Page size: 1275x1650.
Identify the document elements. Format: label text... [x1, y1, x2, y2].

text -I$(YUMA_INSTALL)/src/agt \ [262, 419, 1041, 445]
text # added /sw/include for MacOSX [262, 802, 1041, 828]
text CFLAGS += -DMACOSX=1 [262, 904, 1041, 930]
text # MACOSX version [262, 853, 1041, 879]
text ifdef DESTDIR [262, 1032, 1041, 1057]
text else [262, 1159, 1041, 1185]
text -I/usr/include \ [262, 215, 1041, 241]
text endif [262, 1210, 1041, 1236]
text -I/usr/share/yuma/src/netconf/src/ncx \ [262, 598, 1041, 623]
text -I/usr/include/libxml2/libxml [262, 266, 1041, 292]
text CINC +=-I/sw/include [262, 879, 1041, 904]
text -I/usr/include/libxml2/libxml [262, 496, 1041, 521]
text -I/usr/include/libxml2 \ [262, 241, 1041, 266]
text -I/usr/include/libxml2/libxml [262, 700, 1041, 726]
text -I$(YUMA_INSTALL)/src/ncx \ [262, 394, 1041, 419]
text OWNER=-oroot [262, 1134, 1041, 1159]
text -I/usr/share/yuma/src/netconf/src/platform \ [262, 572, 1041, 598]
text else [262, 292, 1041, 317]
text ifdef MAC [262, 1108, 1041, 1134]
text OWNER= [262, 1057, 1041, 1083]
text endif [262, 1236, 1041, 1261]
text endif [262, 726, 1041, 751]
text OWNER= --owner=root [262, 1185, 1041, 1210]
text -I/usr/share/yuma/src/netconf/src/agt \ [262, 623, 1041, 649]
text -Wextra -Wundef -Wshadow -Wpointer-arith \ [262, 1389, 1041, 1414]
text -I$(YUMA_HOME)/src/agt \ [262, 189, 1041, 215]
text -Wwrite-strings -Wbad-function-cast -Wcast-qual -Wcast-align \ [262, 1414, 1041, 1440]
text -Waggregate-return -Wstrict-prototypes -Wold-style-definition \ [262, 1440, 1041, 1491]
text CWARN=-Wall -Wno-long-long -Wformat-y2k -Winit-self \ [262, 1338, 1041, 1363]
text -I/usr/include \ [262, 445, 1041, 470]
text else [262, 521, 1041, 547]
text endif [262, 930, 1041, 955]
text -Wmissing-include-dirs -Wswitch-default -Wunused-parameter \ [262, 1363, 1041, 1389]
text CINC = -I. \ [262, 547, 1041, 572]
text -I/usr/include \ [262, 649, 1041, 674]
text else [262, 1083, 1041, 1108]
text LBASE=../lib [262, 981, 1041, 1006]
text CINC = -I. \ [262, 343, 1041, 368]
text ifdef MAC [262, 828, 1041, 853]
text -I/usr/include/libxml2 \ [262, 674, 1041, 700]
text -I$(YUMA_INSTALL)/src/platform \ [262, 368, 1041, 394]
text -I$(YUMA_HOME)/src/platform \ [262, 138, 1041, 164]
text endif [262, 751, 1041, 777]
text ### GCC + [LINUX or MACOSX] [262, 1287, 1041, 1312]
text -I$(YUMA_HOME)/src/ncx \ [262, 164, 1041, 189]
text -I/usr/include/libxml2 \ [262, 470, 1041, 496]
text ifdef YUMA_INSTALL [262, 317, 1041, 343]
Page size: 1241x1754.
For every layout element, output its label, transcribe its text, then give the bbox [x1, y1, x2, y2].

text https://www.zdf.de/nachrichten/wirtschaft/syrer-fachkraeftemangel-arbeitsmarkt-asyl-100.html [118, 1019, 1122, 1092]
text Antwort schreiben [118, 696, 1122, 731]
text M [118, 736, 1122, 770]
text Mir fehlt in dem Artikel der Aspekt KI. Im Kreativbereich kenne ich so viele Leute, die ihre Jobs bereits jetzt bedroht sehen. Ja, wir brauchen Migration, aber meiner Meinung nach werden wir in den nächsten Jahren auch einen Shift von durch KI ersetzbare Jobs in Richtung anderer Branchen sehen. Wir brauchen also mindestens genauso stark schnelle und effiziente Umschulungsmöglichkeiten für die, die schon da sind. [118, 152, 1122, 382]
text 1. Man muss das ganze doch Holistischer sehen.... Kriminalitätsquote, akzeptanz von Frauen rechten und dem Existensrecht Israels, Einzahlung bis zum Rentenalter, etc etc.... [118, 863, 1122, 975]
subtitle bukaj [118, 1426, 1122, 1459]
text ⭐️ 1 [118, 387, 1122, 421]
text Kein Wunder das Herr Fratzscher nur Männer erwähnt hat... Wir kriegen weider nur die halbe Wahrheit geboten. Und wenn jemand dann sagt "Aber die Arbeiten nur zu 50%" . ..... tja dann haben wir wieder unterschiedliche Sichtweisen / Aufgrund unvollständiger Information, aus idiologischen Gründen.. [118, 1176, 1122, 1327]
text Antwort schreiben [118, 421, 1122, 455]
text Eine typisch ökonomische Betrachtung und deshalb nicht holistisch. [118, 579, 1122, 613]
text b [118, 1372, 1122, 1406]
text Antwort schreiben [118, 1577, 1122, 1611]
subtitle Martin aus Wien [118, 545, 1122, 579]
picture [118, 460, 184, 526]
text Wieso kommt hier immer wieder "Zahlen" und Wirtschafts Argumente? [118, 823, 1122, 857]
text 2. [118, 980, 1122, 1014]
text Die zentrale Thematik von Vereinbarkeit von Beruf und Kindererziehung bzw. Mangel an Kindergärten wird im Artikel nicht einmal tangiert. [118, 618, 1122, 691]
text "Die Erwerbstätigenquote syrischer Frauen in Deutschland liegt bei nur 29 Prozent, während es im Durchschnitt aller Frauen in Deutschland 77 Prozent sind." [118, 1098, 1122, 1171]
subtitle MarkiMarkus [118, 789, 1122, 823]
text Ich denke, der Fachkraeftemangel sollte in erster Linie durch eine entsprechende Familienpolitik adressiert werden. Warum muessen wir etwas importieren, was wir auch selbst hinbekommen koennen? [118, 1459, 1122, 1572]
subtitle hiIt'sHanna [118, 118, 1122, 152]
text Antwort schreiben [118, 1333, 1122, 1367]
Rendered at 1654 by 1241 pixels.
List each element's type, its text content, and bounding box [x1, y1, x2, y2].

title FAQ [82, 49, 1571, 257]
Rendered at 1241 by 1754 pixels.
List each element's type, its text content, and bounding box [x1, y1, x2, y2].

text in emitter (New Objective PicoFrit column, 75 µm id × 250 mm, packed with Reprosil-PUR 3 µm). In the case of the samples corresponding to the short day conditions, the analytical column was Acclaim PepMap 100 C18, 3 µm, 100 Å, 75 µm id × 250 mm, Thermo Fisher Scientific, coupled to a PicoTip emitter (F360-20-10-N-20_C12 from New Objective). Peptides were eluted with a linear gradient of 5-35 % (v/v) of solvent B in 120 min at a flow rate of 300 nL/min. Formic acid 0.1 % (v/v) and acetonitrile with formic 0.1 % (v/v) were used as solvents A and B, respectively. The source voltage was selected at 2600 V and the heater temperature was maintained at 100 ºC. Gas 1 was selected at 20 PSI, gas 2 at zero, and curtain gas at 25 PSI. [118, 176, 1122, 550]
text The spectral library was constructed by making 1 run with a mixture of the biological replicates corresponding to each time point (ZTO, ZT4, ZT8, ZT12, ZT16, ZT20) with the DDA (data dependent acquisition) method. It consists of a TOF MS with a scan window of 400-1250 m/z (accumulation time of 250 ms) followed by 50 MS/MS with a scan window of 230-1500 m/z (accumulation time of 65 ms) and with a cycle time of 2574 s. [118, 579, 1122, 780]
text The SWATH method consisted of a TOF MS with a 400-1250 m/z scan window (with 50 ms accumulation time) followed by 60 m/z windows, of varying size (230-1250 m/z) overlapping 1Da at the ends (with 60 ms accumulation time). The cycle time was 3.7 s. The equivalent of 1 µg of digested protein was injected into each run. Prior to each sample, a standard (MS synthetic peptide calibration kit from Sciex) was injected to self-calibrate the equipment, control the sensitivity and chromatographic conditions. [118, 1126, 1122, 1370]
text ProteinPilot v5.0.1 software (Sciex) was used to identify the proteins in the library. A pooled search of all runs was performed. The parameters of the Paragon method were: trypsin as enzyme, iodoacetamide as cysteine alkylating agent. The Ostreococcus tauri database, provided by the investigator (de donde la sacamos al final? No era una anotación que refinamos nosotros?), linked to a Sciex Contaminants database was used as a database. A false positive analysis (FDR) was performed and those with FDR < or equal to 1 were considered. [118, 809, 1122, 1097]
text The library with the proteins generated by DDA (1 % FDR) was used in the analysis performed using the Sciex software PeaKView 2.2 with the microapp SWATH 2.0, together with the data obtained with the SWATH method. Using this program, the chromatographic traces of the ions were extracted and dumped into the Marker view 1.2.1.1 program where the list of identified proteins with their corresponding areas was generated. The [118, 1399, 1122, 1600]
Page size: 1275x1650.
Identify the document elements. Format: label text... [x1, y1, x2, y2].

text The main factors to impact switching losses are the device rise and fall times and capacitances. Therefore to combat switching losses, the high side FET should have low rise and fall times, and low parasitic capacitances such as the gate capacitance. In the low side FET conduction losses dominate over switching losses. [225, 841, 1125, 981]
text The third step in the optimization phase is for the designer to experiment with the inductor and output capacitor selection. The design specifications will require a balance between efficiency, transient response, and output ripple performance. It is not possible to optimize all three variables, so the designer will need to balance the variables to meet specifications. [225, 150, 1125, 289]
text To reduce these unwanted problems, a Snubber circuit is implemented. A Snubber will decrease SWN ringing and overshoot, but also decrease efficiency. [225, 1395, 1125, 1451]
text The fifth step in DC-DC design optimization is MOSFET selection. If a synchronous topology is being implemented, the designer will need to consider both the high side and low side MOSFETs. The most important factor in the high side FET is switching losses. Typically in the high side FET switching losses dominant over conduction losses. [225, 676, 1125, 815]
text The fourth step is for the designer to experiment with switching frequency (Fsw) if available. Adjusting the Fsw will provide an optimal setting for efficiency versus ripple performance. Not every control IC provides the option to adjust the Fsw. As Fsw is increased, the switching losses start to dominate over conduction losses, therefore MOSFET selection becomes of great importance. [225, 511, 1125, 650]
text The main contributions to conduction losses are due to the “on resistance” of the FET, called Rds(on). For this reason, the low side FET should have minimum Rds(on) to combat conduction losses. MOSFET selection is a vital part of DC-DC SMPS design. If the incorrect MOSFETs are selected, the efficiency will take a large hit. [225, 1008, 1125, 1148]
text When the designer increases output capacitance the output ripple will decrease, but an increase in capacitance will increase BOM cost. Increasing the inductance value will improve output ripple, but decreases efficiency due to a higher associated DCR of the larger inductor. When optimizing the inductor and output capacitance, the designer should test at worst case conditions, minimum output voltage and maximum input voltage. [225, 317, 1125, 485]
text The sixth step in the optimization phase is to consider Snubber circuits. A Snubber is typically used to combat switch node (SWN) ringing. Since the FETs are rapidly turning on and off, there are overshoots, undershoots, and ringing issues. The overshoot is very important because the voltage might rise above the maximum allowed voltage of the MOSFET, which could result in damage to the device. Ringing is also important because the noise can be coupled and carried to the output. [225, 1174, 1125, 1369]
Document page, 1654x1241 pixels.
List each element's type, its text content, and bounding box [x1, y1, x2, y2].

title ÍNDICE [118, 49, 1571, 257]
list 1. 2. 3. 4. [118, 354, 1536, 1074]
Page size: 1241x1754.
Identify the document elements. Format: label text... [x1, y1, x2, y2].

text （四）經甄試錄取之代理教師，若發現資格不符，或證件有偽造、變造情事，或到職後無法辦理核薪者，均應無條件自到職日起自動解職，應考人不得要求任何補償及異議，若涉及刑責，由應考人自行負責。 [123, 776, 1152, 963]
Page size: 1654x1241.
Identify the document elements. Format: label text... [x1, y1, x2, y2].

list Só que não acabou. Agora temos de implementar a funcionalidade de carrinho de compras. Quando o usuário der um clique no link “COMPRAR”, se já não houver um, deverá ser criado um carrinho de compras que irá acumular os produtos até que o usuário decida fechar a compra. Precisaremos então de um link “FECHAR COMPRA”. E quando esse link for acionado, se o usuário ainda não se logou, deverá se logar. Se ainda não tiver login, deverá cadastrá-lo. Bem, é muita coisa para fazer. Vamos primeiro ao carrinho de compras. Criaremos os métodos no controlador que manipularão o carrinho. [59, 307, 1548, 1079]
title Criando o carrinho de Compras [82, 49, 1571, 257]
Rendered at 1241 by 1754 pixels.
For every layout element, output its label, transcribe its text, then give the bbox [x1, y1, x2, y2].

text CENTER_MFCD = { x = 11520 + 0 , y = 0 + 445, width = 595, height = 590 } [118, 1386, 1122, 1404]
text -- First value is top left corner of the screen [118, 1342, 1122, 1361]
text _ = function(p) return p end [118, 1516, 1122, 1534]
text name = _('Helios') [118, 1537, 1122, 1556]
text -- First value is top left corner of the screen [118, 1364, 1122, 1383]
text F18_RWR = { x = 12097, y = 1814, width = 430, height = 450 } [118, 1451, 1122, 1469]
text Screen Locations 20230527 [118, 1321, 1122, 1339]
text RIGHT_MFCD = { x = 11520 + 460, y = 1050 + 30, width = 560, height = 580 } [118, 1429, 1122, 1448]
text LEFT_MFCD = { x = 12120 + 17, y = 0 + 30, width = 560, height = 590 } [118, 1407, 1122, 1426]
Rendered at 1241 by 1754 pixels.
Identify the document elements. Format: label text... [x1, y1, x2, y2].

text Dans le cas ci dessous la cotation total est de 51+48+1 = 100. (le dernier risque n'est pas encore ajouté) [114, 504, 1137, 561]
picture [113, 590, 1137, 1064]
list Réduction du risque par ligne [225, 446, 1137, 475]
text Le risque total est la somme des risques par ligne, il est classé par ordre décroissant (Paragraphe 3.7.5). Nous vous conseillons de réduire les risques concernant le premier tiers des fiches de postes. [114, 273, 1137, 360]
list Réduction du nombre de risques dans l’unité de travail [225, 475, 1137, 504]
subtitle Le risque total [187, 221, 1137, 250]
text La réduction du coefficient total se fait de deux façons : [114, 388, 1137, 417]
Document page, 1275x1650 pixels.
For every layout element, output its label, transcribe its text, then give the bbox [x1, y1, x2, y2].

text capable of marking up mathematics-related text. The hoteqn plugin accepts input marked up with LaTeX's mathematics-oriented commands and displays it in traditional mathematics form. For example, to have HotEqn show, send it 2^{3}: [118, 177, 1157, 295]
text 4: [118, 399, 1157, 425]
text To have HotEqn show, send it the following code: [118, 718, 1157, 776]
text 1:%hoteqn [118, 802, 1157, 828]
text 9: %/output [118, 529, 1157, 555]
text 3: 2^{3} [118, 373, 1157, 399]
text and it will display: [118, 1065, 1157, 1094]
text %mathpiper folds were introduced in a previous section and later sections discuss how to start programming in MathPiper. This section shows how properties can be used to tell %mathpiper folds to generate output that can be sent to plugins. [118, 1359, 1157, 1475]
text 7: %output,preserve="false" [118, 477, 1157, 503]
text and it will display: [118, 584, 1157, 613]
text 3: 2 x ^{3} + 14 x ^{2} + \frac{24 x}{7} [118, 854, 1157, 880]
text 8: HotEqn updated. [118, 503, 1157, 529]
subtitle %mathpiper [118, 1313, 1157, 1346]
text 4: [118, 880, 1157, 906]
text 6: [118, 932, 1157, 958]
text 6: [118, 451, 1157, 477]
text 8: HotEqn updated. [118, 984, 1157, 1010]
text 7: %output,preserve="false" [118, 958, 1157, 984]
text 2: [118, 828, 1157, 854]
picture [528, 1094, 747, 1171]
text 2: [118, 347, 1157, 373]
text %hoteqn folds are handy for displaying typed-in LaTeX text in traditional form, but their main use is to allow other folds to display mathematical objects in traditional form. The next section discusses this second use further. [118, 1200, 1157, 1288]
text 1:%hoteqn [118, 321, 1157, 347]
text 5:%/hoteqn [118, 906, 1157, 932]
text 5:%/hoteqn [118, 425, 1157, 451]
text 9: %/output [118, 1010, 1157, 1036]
- - - - - - -
### [Work request]
Set down, from the entries above, exactly the lines from the one with "text ifdef MAC [262, 1108, 1041, 1134]" up to and including the one with "text -I/usr/include/libxml2 \ [262, 470, 1041, 496]", and no other lines.

### [Exercise answer]
text ifdef MAC [262, 1108, 1041, 1134]
text OWNER= [262, 1057, 1041, 1083]
text endif [262, 1236, 1041, 1261]
text endif [262, 726, 1041, 751]
text OWNER= --owner=root [262, 1185, 1041, 1210]
text -I/usr/share/yuma/src/netconf/src/agt \ [262, 623, 1041, 649]
text -Wextra -Wundef -Wshadow -Wpointer-arith \ [262, 1389, 1041, 1414]
text -I$(YUMA_HOME)/src/agt \ [262, 189, 1041, 215]
text -Wwrite-strings -Wbad-function-cast -Wcast-qual -Wcast-align \ [262, 1414, 1041, 1440]
text -Waggregate-return -Wstrict-prototypes -Wold-style-definition \ [262, 1440, 1041, 1491]
text CWARN=-Wall -Wno-long-long -Wformat-y2k -Winit-self \ [262, 1338, 1041, 1363]
text -I/usr/include \ [262, 445, 1041, 470]
text else [262, 521, 1041, 547]
text endif [262, 930, 1041, 955]
text -Wmissing-include-dirs -Wswitch-default -Wunused-parameter \ [262, 1363, 1041, 1389]
text CINC = -I. \ [262, 547, 1041, 572]
text -I/usr/include \ [262, 649, 1041, 674]
text else [262, 1083, 1041, 1108]
text LBASE=../lib [262, 981, 1041, 1006]
text CINC = -I. \ [262, 343, 1041, 368]
text ifdef MAC [262, 828, 1041, 853]
text -I/usr/include/libxml2 \ [262, 674, 1041, 700]
text -I$(YUMA_INSTALL)/src/platform \ [262, 368, 1041, 394]
text -I$(YUMA_HOME)/src/platform \ [262, 138, 1041, 164]
text endif [262, 751, 1041, 777]
text ### GCC + [LINUX or MACOSX] [262, 1287, 1041, 1312]
text -I$(YUMA_HOME)/src/ncx \ [262, 164, 1041, 189]
text -I/usr/include/libxml2 \ [262, 470, 1041, 496]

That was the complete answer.